Perhaps due to the high prices of residential property in NSW, particularly Sydney, it has become increasingly common for purchasers to request, and vendors to agree to, a 5% deposit on exchange.
Despite popular misconception, vendors need to be aware that if they accept a 5% deposit on exchange, they may not be able to successfully sue for 10% if the purchaser defaults.
When accepting a 5% deposit, it has often been the practice of vendors’ solicitors to include a special condition in the contract stating that, if the purchaser defaults, the vendor is entitled to make a demand for the balance of the deposit, to make it up to 10% and forfeit the full 10% deposit. To support that notion, it is sometime the practice of vendors’ agents to insert a 10% deposit on the front page of the contract even when only 5% deposit is paid. However, the case law in New South Wales suggests that such practices will not be effective in recovering the additional 5%.
In the NSW Court of Appeal decision of Iannello & Anor v. Sharpe  NSWCA 61, it was held that despite the existence of ‘deposit by instalments’ clause, the vendor was not entitled to receive the full 10% deposit when the purchaser defaulted on settlement. Instead, the vendor was only entitled to forfeit the 5% deposit paid on exchange. This was notwithstanding that a 10% deposit was written onto the front page of the contract.
The Court held that the obligation to make the ‘second 5% payment’ was not an obligation to pay a deposit or part of a deposit, as this concept is inconsistent with the characteristics of a deposit. It was said that a deposit is security for performance in completing a contract, which a vendor is entitled to forfeit if the purchaser defaults. There would never be a time when the purchaser would be paying the second 5% as security for performance. Rather, the only time the reduced deposit clause obliges the purchaser to pay this sum is when the purchaser has demonstrated that he cannot complete the contract.
The Court instead considered that the promise to pay an additional 5% upon default actually constituted a penalty. Under general contract law, penalties are not enforceable.

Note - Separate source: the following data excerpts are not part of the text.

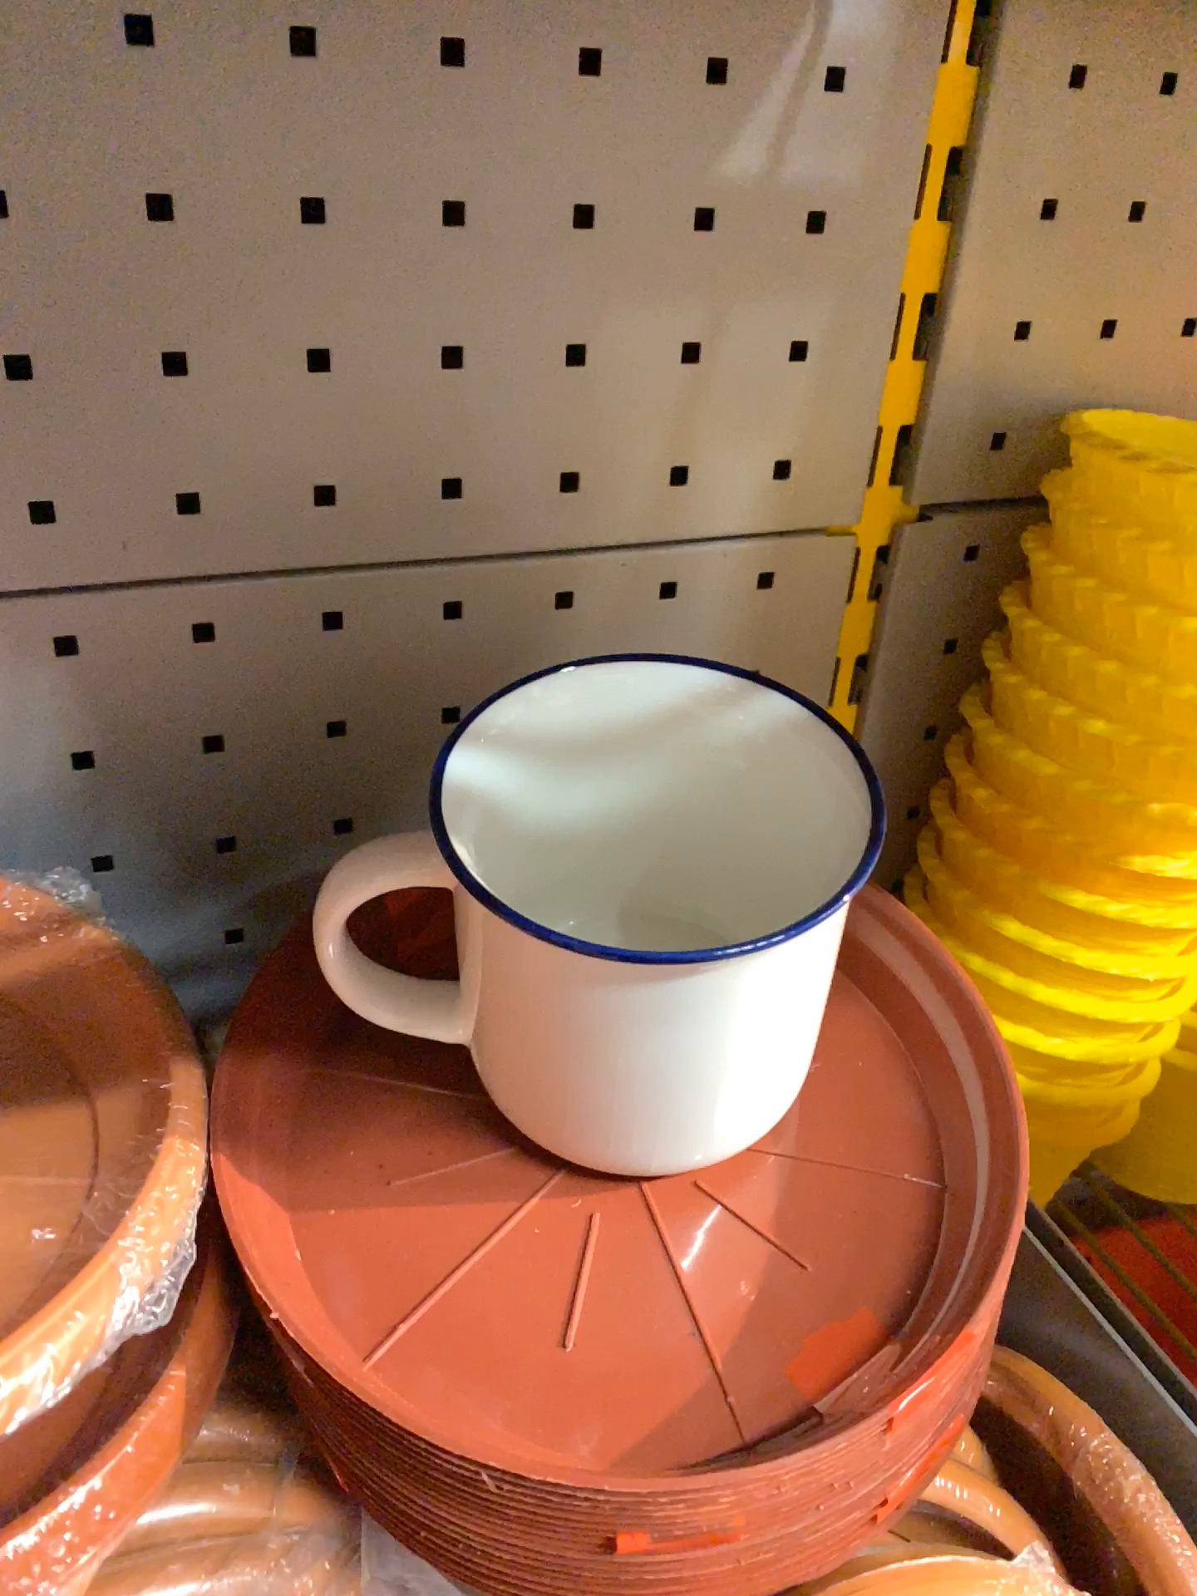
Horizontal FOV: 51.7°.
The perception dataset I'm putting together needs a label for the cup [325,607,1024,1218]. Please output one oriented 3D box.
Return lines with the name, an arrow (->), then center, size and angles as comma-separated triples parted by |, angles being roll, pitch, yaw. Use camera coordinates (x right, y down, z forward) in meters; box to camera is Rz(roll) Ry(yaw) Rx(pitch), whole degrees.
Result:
cup -> 0.005, 0.022, 0.270 | 0.120, 0.090, 0.090 | -2, 44, -9
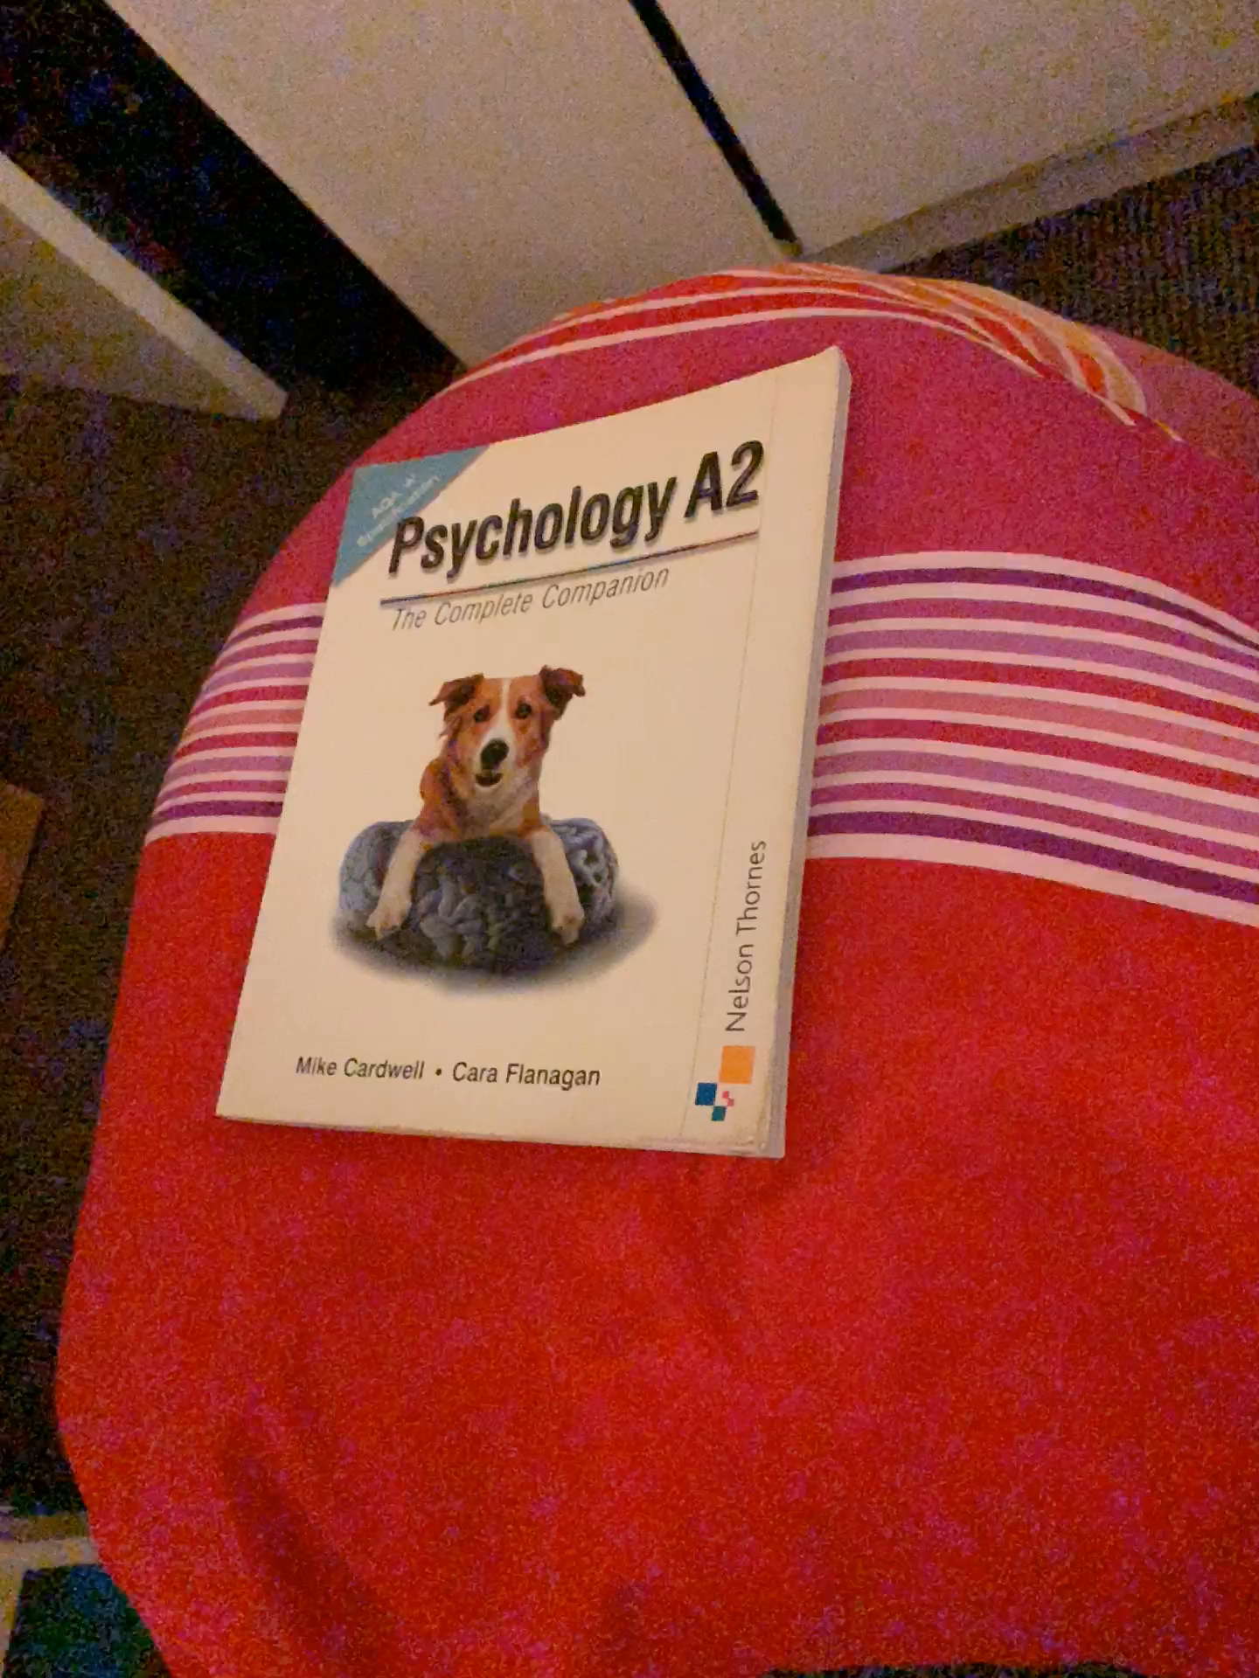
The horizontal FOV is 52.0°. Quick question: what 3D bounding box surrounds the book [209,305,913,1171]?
[{"bbox_3d":[-0.025,-0.036,0.480,0.241,0.040,0.291,-5,66,32],"label":"book"}]

In light of the Iannello case, some ‘deposit by instalment’ clauses now avoid making explicit that the further 5% payment is payable upon default/settlement, and instead state that the further sum is generally payable on demand by the vendor. It is doubtful whether this language will make any difference. Any vendor contemplating litigating the validity of such a rephrased clause would have to also be comfortable that the purchaser, having already defaulted, is actually capable of paying a further 5% in any case.
In summary, vendors should be aware that if they accept a 5% deposit on exchange, they may not be able to successfully sue for the remainder if the purchaser defaults.